Francesca Schiavone catching lightning in a bottle one more time in Paris, just when everyone thought that she no longer could.
Stanislas Wawrinka and Richard Gasquet putting on a master class of the one-handed backhand.
Svetlana Kuznetsova walking onto Chatrier to face Angelique Kerber and playing like she belonged there as a contender of the present, not a champion of the past.
Roger Federer joining alter ego @PseudoFed on Twitter, and fledgling tweeter Tomas Berdych telling one of his followers that his most challenging opponent is…Tomas Berdych.
Agnieszka Radwanska proving that her newly blonde hair wasn’t a jinx, but that major quarterfinals still might be.
Jo-Wifried Tsonga showing us his best and worst in the course of two matches, illustrating why he could win a major and why he has not.
Sara Errani looking the part of last year’s finalist while tying much bigger, stronger women up in knots.
Novak Djokovic overcoming a significant personal loss midway through the tournament and standing taller than ever before at the one major that still eludes him.
Jelena Jankovic completing a dramatic come-from-behind win and a dramatic come-from-ahead loss against two top-ten women in the same tournament.
David Ferrer, the forgotten man, reaching his first major final at age 31 in a reward for all of those years toiling away from the spotlight.
Maria Sharapova staying true to her uncompromising self and ending a match in which she hit 11 double faults with—an ace.
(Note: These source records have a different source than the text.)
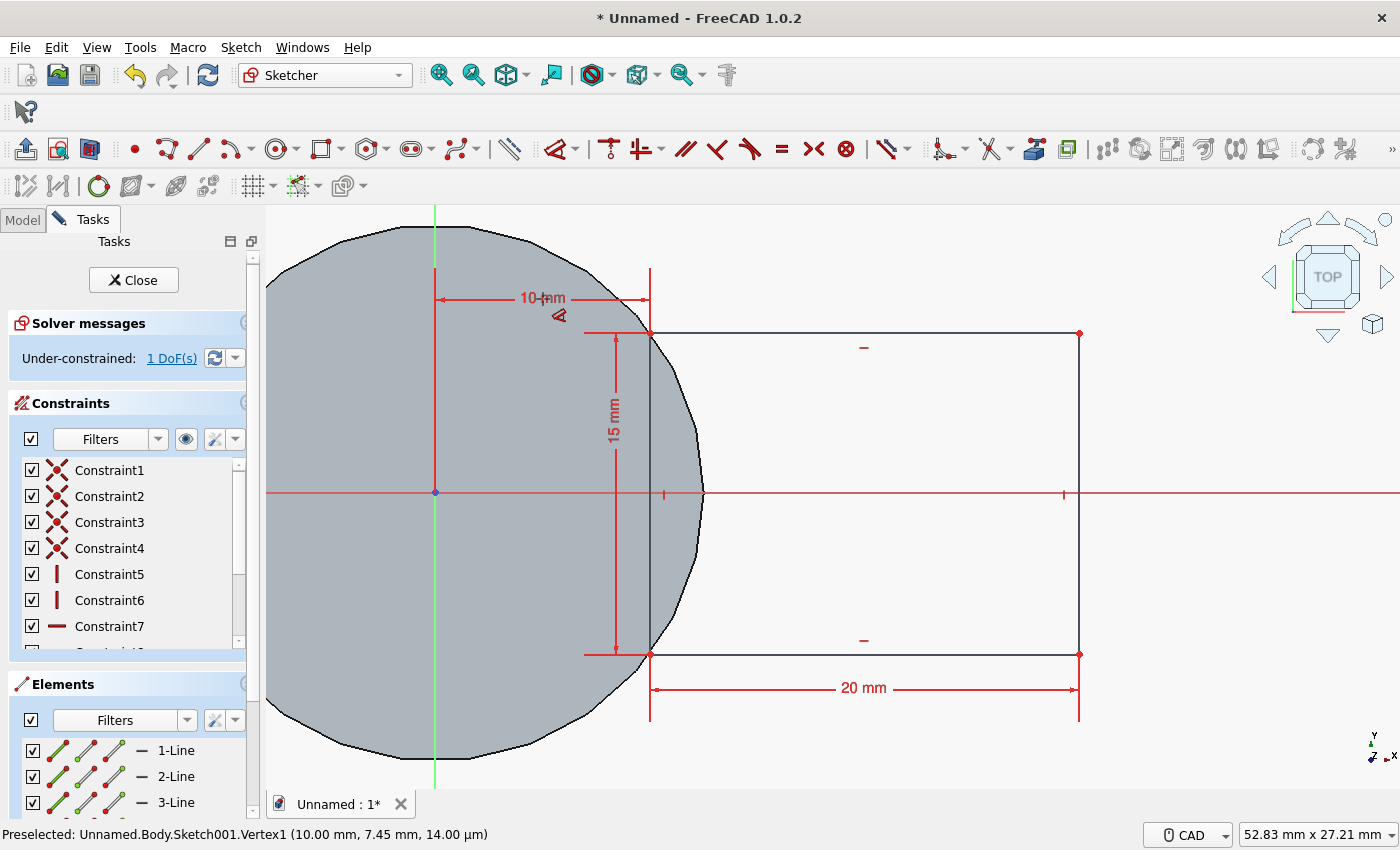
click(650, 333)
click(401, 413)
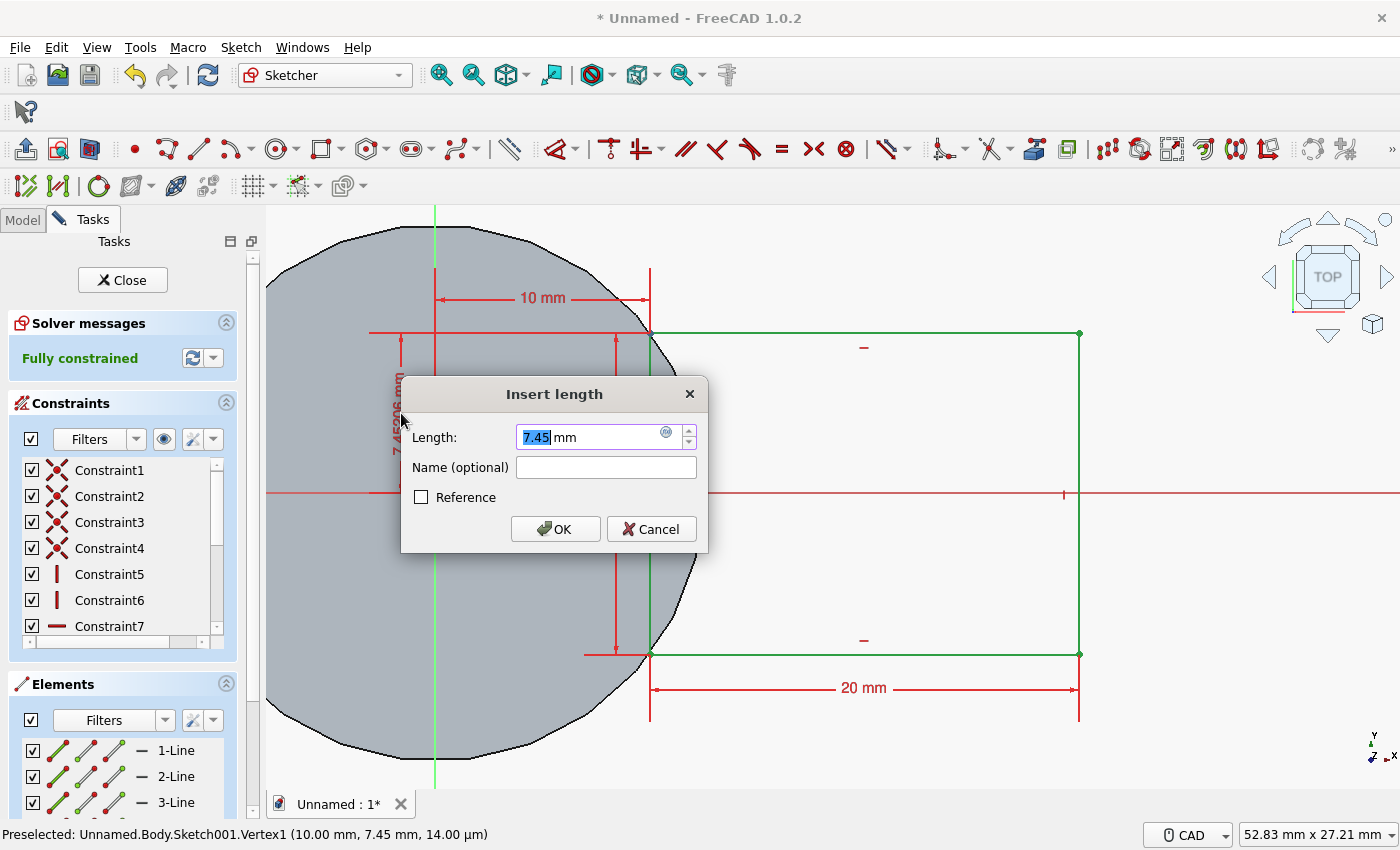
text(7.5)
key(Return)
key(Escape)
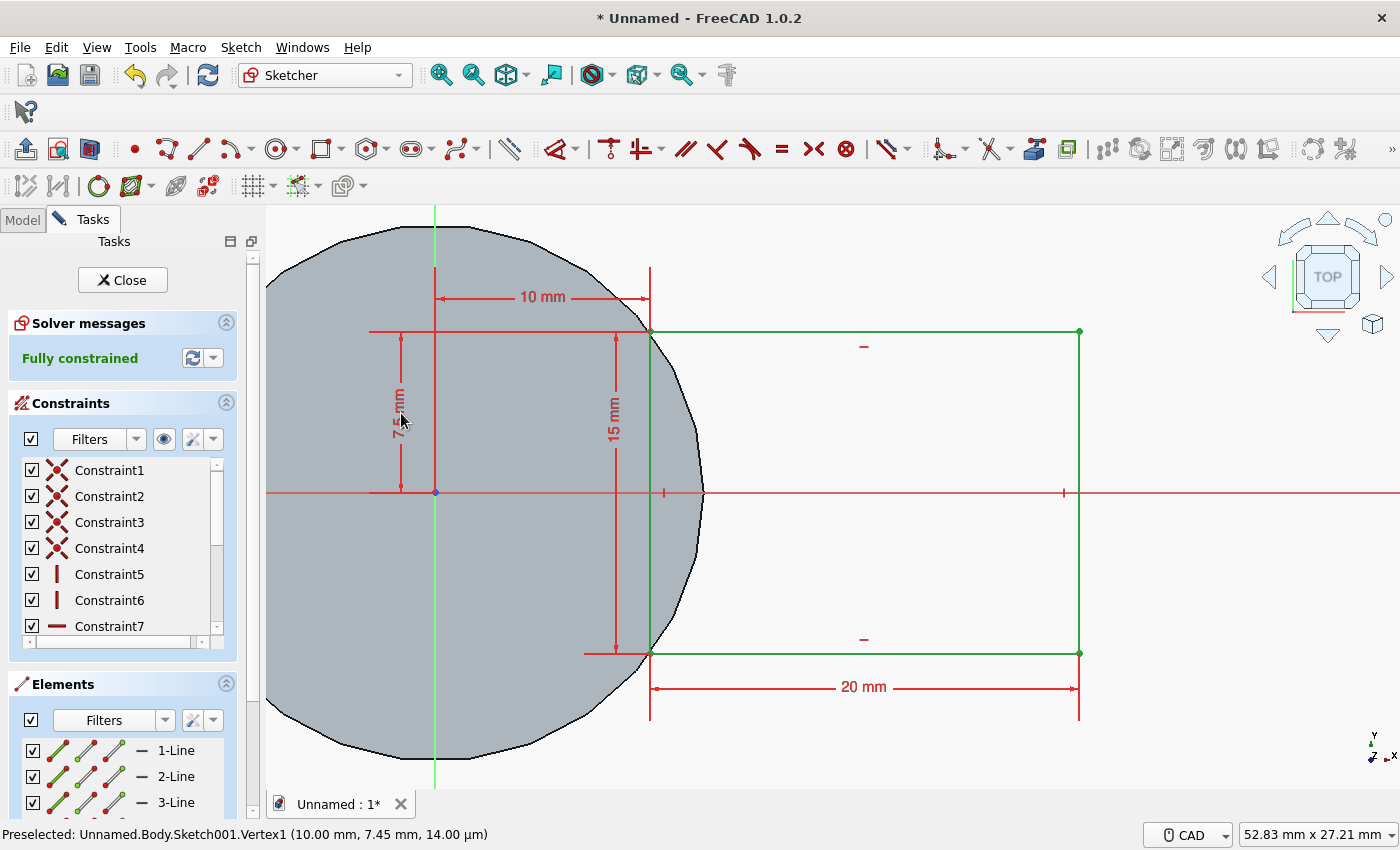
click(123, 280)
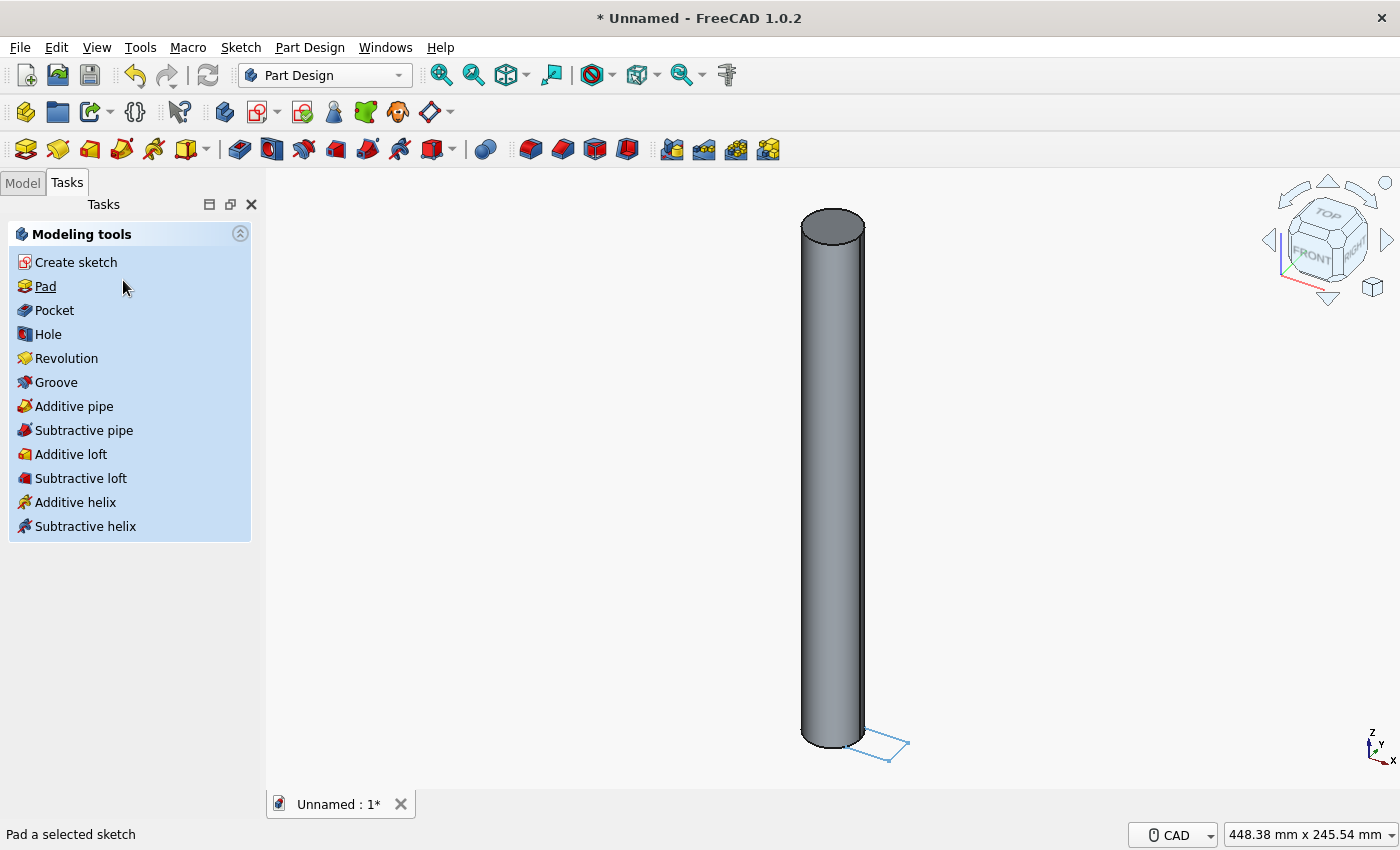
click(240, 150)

Serena Williams consigning her last trip here to the dustbin of history.
Rafael Nadal collapsing on the Chatrier clay just as ecstatically the eighth time as he did the first.
Staying up until 5 AM to watch a certain match, and wanting to stay up longer for one more game or one more point.
Looking forward to jumping back on the rollercoaster at the All England Club.
Rafael Nadal may have lost his first set at Roland Garros 2013, but he won his last set. The King of Clay burnished his legend on the surface even further by securing an eighth Roland Garros title at the expense of fellow Spaniard David Ferrer. Here are some key things to know about the final and Nadal’s achievement more generally.
The superior Spaniard: Ferrer ends the tournament ranked higher than Nadal, but no human agrees with the computers on that opinion. He looked very much David to the Goliath across the net, understandable considering that he contested his first major final today against a career-long nemesis. A few exceptions like Francesca Schiavone aside, even weathered veterans do not excel in that situation.
Calm after the storm: After the dramatic sweep of the Djokovic-Nadal semifinal, the final’s relatively routine narrative came as the anticlimax that most envisioned. The match contained few turning points or real momentum shifts, not surprising for a rivalry in which one man had won 16 straight meetings on this surface.
Look out, Sampras: Nadal moves within two major titles of tying the American for second place on the all-time list. Surely he will bring his peak clay form to Paris at least two or three more times, which means that, with any luck at all, he ultimately should pass Sampras and perhaps even edge within range of a certain someone else.
Be jealous , Monte Carlo: You’re not alone anymore at the top of Rafa’s list. Nadal now has won as many titles at Roland Garros as he has at his Mediterranean fortress—or anywhere else. In fact, his eight titles here are the most that any man has won at any major.
21-1: That is Nadal’s record against top-ten opponents since losing to Roger Federer at Indian Wells last year. Djokovic predictably notched the “1,” handing the Spaniard his only defeat on European clay this season in Monte Carlo.
26-1: That is Nadal’s record in clay finals against opponents other than Federer and Djokovic. He also improves to 4-0 in major finals against opponents other than those two, Roland Garros hosting three of those wins. Horacio Zeballos recorded the “1” in the first tournament of Nadal’s comeback this year.
Uprooting top seeds: Only once in the last ten years (Nadal in 2011) and twice in the last twenty (Gustavo Kuerten in 2001) has the top seed won the Roland Garros men’s singles title. Nadal has held a seed lower than No. 1 seven times and won the tournament every time. Six times out of seven, he defeated the top seed en route to the title.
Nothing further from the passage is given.